Deferred Deductions for Taxes
Note 29.
Subsequent Events
The main events that occurred between December 31, 2012 and
February 18, 2013, the date on which the 2012 statutory financial
statements were approved by the Management Board, were as follows:
January 9, 2013: U.S. court ruling in the lawsuit between Vivendi and
Liberty Media Corporation.
On February 7, 2013: Vivendi and Universal Music Group entered into
a definitive agreement to sell Parlophone Label Group, a unit of EMI
Recorded Music, to Warner Music Group for £487 million to be paid
in cash.
On February 13, 2013: Lagardère Holding TV filed a complaint against
Vivendi and Canal+ Group with the Paris Commercial Court seeking
restitution, under penalty, from Canal+ Group, of the entire cash
surplus given over by Canal+ France (please see Note 24, Litigation).

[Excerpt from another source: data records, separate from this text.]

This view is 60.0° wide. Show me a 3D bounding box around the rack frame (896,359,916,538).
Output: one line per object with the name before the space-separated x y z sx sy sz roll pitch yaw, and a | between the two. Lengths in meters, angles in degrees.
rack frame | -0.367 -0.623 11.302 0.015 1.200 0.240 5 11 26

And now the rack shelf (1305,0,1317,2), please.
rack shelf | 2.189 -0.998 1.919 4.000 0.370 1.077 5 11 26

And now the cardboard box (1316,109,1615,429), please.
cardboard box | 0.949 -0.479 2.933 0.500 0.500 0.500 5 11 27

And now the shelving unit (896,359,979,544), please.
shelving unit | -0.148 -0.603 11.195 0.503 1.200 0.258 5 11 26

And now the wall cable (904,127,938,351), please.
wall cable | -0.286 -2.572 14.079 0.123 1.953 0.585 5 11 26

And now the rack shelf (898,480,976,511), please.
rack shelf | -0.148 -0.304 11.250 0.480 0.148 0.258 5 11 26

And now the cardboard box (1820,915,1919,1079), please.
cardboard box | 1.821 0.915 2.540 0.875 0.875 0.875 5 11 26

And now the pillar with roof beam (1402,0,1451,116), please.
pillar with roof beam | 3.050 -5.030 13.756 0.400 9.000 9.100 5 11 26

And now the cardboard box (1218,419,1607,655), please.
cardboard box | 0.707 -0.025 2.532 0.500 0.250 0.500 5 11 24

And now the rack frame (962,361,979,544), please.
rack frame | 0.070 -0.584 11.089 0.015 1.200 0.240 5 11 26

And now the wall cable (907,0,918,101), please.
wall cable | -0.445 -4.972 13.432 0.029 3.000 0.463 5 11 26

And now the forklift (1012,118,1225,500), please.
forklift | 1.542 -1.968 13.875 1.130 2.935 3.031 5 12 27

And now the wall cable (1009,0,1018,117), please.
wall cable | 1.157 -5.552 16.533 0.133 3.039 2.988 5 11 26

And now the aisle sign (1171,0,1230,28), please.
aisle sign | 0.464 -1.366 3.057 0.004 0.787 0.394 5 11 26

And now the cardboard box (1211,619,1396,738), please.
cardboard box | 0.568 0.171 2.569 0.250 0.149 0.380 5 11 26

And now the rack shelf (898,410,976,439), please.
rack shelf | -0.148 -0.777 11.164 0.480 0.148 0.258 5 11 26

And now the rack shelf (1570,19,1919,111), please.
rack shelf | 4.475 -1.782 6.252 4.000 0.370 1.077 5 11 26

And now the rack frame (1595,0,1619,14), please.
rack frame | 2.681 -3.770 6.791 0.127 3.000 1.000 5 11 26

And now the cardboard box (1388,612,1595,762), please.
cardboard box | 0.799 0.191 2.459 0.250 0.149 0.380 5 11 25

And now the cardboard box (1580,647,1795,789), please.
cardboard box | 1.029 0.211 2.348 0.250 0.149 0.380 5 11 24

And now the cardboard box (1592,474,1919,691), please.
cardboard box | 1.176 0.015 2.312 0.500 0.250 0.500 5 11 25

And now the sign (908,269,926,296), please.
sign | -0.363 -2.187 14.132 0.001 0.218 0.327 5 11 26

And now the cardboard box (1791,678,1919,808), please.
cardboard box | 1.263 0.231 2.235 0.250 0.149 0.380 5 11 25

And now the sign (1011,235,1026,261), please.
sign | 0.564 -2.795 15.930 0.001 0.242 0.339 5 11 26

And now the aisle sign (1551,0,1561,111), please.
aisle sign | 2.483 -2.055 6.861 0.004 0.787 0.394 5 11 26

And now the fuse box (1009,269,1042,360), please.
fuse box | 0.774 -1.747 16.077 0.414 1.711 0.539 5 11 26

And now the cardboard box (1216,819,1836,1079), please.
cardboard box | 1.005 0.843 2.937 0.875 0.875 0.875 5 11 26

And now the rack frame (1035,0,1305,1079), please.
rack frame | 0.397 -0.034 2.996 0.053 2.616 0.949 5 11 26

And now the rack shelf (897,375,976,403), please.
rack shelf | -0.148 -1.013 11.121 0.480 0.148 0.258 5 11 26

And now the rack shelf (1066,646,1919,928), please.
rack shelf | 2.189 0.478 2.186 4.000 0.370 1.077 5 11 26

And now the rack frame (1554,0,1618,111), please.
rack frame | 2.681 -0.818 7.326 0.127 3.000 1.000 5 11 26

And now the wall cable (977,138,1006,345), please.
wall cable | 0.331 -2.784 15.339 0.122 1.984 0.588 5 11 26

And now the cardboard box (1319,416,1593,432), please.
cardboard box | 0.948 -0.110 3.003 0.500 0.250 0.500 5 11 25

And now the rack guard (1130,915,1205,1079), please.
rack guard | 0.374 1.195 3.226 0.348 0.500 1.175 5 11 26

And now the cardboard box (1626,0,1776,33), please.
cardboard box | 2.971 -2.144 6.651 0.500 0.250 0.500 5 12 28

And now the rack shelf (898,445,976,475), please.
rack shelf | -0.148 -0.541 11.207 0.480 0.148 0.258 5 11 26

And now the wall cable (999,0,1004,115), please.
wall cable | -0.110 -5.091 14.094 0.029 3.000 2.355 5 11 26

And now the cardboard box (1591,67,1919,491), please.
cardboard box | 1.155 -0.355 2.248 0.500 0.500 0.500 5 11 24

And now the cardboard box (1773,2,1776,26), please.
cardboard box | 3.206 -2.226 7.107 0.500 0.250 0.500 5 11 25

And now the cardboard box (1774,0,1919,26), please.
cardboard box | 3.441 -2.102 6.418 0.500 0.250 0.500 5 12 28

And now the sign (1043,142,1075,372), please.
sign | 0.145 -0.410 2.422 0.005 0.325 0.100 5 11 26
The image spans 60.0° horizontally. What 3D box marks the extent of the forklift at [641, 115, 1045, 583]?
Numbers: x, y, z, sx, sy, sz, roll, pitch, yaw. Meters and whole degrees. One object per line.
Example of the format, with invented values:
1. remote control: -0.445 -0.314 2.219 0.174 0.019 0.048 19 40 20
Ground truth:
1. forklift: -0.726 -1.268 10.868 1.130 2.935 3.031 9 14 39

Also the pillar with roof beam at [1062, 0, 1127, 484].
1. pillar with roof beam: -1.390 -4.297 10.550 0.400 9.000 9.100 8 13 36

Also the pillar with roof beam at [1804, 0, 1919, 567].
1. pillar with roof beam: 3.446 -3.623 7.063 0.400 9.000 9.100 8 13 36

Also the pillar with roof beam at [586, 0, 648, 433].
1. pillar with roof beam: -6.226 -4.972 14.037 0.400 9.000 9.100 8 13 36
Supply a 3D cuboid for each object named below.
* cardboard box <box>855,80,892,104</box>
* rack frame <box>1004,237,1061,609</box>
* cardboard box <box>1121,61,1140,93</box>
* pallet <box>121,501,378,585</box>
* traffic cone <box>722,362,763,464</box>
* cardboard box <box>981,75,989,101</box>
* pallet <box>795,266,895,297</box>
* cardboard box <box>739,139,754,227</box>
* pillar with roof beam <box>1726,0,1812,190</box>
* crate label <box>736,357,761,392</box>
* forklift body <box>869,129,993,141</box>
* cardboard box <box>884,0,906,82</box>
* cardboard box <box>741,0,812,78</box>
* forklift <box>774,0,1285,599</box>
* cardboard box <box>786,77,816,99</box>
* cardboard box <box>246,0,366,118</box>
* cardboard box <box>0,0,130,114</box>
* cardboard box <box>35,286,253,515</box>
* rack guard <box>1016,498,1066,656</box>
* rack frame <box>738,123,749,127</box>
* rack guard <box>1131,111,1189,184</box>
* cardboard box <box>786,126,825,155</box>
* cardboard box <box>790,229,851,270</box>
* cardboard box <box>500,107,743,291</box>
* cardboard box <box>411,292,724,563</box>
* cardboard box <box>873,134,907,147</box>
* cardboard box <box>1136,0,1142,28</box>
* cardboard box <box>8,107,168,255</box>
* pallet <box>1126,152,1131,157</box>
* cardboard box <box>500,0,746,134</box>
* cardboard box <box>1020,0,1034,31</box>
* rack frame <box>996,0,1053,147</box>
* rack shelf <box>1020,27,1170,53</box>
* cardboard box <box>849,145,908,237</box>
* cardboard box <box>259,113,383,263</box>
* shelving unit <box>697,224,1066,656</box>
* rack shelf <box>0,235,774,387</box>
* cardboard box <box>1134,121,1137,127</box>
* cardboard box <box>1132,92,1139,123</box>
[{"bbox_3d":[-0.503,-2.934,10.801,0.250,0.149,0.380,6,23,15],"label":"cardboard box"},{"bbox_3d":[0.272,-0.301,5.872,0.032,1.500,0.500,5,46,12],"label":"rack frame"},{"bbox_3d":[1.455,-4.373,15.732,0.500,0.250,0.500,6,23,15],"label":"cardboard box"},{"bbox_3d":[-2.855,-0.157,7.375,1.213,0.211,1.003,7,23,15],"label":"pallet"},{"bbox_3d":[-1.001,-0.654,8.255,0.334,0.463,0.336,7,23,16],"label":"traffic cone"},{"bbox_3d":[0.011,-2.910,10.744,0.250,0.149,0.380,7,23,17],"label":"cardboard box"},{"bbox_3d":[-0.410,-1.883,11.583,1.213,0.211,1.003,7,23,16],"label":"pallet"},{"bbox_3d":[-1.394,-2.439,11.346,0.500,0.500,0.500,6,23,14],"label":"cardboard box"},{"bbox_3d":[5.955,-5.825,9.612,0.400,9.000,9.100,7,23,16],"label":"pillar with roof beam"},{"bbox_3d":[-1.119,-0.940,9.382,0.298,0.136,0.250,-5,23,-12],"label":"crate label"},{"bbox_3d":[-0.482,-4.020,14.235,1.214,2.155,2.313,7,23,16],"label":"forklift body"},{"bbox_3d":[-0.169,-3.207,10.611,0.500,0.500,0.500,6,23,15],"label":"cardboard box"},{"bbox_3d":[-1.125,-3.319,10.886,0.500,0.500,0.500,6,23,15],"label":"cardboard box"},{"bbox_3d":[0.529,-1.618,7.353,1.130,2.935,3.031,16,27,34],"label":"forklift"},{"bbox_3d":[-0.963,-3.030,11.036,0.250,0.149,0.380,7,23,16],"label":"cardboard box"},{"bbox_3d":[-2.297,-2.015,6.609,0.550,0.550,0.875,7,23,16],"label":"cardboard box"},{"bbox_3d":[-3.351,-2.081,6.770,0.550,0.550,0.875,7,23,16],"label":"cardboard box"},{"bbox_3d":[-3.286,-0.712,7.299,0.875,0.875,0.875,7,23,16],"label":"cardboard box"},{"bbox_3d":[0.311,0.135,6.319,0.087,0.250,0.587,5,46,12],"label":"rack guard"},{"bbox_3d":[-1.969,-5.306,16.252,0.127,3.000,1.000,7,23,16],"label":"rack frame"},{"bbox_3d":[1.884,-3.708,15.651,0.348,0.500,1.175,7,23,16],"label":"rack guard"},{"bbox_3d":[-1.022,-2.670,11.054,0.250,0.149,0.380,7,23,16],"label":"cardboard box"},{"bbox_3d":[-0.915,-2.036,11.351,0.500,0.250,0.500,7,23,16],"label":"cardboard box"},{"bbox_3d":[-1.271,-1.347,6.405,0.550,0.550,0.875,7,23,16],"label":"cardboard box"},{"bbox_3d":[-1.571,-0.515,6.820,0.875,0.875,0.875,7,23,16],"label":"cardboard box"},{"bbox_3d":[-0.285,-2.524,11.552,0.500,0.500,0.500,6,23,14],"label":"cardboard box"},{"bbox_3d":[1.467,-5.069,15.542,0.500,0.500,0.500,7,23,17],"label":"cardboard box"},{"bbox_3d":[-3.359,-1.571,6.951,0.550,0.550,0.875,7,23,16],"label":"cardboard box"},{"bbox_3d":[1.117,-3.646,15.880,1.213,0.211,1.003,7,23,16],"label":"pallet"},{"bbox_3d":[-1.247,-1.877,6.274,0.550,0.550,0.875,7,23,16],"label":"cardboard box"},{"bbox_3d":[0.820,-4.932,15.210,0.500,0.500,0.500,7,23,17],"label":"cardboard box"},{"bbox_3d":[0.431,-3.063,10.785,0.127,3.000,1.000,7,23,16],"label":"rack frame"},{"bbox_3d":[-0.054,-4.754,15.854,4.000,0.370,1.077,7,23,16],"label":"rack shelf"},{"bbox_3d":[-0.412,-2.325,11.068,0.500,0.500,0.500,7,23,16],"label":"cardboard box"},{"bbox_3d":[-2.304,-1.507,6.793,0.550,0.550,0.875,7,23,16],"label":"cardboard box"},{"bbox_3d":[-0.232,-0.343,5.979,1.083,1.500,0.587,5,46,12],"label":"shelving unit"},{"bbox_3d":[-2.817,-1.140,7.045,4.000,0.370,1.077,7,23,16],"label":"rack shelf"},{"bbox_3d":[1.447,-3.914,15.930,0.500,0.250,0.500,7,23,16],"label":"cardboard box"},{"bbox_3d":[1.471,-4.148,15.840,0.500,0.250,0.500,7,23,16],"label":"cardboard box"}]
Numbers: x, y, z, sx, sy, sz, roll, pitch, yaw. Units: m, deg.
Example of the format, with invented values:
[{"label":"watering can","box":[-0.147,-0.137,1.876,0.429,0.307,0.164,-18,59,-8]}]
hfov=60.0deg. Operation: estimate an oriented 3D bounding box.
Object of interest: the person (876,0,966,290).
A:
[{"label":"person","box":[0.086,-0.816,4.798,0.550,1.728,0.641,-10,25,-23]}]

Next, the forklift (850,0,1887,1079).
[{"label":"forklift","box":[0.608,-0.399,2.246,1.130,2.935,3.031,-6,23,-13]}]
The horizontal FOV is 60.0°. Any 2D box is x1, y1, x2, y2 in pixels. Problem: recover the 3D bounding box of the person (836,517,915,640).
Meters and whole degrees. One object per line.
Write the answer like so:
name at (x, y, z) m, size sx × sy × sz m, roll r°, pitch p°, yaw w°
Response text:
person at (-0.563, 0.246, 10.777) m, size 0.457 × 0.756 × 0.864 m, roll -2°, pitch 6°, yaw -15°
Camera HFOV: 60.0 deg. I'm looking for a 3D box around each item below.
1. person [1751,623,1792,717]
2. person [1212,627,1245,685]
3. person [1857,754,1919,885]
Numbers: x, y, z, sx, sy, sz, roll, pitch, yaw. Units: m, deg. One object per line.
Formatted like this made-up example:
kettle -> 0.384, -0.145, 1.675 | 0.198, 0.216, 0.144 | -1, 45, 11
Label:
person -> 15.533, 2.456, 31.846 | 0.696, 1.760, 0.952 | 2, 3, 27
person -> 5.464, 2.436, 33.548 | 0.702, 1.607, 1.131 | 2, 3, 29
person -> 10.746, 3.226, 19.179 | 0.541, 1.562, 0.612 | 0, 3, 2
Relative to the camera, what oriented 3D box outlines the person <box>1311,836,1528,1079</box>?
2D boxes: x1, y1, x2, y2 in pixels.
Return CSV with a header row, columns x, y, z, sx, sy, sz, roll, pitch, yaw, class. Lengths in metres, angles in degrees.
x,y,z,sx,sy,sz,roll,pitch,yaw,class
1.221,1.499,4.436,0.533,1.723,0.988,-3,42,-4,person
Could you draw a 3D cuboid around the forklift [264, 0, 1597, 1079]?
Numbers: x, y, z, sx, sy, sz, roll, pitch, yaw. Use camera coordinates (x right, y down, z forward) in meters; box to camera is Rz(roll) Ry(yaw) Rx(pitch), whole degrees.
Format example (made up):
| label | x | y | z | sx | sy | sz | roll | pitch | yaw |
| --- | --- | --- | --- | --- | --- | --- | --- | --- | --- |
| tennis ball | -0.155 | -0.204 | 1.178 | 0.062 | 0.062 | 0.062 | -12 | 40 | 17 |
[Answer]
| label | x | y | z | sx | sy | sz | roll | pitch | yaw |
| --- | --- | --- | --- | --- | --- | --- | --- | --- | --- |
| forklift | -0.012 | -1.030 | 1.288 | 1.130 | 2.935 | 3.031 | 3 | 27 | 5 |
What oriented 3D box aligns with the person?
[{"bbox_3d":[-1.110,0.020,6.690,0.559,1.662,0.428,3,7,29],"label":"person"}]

On February 15, 2013: Vivendi filed with the Court a Notice of Appeal
against the judgment awarded in the litigation between Vivendi and
Liberty Media Corporation.
Note 28 Deferred Deductions for Taxes
In addition to tax losses carried forward which qualify for relief at the
standard rate and foreign tax credits (please refer to Note 5, Income
Taxes), timing differences between the tax and accounting treatment
of income and expense items would generate a future reduction of
€360.0 million in tax liabilities (including contributions) due to the deferred
deduction for tax purposes of certain expenses.